Question

Write 6(x – 5)4 + 4(x – 5)2 + 6 = 0 in the form of a quadratic by using substitution

Answer 1

Answer:

The quadratic equation is $6y^2+4y+6=0$ with $y=(x-5)^2$.

Step-by-step explanation:

A quadratic equation is written as: $ax^2+bx+c=0, a\neq 0$

We have the expression $6(x-5)^4+4(x-5)^2+6=0$ in order to form a quadratic equation, we can see that the both terms have in common $(x-5)^2$.

Observation: $((x-5)^2)^2=(x-5)^2^*^2=(x-5)^4$

Then we can substitute $y=(x-5)^2$. And now we have to replace it.

$6(x-5)^4+4(x-5)^2+6=0\\6((x-5)^2)^2+4(x-5)^2+6=0\\6y^2+4y+6=0$

Then the quadratic equation is $6y^2+4y+6=0$ with $y=(x-5)^2$.

Answer 2

Hello from MrBillDoesMath!

Answer:    6 u^2 + 4u + 6 = 0 where u = (x-5)^2

Discussion; I think the problem statement should actually be to rewrite this equation:

6 (x-5)^4 + 4 (x-5)^2 + 6 -= 0.

Note  the power of "x-5" is 4 in the first term and is 2 in the second term.
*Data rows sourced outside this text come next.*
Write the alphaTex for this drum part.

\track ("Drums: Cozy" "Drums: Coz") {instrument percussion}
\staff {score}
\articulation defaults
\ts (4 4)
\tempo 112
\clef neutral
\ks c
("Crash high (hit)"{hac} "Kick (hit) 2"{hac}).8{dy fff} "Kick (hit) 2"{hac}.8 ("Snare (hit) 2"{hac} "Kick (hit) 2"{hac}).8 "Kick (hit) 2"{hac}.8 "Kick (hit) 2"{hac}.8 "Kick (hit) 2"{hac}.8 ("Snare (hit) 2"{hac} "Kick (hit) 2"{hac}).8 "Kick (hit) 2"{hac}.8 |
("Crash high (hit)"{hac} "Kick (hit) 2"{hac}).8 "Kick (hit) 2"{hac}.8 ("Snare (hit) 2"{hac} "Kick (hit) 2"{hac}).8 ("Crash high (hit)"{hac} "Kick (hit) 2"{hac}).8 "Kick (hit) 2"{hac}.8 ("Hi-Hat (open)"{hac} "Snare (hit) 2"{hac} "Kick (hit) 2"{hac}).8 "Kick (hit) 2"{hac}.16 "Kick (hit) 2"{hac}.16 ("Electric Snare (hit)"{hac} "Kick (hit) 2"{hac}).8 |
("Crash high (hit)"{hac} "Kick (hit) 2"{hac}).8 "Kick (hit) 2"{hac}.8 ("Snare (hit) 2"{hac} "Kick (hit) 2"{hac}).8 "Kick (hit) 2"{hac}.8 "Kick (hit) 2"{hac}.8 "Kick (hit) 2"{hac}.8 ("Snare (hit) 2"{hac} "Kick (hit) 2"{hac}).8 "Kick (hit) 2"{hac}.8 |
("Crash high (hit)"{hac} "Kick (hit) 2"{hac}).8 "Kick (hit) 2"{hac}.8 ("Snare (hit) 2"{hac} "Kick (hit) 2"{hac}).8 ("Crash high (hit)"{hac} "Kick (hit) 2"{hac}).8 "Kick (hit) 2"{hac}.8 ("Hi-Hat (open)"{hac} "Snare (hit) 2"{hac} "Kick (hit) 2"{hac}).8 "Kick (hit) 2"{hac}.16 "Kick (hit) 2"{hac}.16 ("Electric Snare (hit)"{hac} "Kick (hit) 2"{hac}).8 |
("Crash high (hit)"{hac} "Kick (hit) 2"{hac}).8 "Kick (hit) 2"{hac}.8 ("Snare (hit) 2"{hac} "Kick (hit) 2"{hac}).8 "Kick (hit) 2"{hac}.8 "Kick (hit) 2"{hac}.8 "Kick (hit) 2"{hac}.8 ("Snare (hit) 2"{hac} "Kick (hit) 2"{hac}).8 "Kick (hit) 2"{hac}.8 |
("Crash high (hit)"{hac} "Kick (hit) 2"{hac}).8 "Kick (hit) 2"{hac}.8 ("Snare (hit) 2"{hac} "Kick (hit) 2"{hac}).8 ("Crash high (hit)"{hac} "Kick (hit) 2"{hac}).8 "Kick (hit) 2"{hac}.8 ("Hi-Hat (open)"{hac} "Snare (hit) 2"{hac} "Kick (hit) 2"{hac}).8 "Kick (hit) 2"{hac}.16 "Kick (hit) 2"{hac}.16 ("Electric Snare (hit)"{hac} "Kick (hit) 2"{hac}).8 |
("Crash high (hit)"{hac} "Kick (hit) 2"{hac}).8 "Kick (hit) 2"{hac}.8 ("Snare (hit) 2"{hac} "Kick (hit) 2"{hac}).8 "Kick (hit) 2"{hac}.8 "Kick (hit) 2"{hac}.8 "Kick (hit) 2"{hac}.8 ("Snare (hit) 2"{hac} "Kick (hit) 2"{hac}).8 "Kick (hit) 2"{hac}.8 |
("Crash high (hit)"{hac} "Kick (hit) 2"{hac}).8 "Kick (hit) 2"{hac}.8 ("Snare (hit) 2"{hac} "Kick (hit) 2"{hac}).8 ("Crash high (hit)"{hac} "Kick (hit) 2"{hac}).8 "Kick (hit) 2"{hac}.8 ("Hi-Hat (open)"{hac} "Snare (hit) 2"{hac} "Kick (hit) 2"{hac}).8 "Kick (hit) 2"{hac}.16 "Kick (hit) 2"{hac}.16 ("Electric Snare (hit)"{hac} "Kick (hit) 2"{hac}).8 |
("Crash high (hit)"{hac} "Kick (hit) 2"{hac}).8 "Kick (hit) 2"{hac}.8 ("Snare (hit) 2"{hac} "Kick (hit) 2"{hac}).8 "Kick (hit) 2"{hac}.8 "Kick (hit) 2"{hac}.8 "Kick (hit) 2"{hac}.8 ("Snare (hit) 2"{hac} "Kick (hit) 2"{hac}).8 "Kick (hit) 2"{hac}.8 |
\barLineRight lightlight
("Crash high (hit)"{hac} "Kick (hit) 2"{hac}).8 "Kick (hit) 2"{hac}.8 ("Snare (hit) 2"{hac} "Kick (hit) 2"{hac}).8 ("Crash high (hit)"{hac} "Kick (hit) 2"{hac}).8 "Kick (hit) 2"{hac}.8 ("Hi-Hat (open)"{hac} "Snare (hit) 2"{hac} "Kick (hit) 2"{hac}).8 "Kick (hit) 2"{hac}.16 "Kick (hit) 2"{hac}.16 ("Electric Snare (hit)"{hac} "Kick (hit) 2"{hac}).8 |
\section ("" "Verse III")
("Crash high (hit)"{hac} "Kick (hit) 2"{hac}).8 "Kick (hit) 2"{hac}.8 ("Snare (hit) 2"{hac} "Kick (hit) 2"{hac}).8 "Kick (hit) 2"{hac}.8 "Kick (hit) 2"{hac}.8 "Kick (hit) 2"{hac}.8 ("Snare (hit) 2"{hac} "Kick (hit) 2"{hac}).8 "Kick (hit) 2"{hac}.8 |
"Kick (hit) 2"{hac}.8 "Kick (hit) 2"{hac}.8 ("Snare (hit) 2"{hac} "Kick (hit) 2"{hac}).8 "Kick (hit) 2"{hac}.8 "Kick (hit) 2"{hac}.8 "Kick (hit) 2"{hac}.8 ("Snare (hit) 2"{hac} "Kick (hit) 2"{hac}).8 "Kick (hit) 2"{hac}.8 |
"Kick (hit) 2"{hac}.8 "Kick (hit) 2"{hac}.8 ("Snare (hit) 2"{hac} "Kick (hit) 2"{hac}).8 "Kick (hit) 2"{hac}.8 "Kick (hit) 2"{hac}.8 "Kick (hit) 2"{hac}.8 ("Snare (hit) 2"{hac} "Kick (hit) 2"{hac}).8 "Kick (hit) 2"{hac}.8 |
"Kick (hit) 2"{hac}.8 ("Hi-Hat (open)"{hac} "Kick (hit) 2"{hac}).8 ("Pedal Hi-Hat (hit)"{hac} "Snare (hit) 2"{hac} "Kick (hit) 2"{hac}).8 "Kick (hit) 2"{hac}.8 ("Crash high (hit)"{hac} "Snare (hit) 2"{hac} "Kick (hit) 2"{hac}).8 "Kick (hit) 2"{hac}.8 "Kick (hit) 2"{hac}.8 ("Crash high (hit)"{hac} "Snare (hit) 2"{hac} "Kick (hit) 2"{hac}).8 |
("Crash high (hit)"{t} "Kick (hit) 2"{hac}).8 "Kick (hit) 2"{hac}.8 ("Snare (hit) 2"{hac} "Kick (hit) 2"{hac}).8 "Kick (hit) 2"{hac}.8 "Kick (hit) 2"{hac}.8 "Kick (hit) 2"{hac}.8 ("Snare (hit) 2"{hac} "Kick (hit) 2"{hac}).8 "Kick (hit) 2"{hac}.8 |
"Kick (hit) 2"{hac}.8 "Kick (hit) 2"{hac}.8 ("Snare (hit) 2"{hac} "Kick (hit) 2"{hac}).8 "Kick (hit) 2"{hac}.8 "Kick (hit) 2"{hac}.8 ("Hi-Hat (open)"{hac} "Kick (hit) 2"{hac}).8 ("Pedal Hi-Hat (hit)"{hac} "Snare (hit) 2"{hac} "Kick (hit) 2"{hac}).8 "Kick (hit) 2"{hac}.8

That is, the power of x-5 in the first terms is double, or the square, of the (x-5) power occurring in the second term. This suggest the substitution u = (x-5)^2.  Then the equation can be rewritten as

6 u^2 + 4u + 6 = 0

which is a quadratic in "u".

Regards, MrB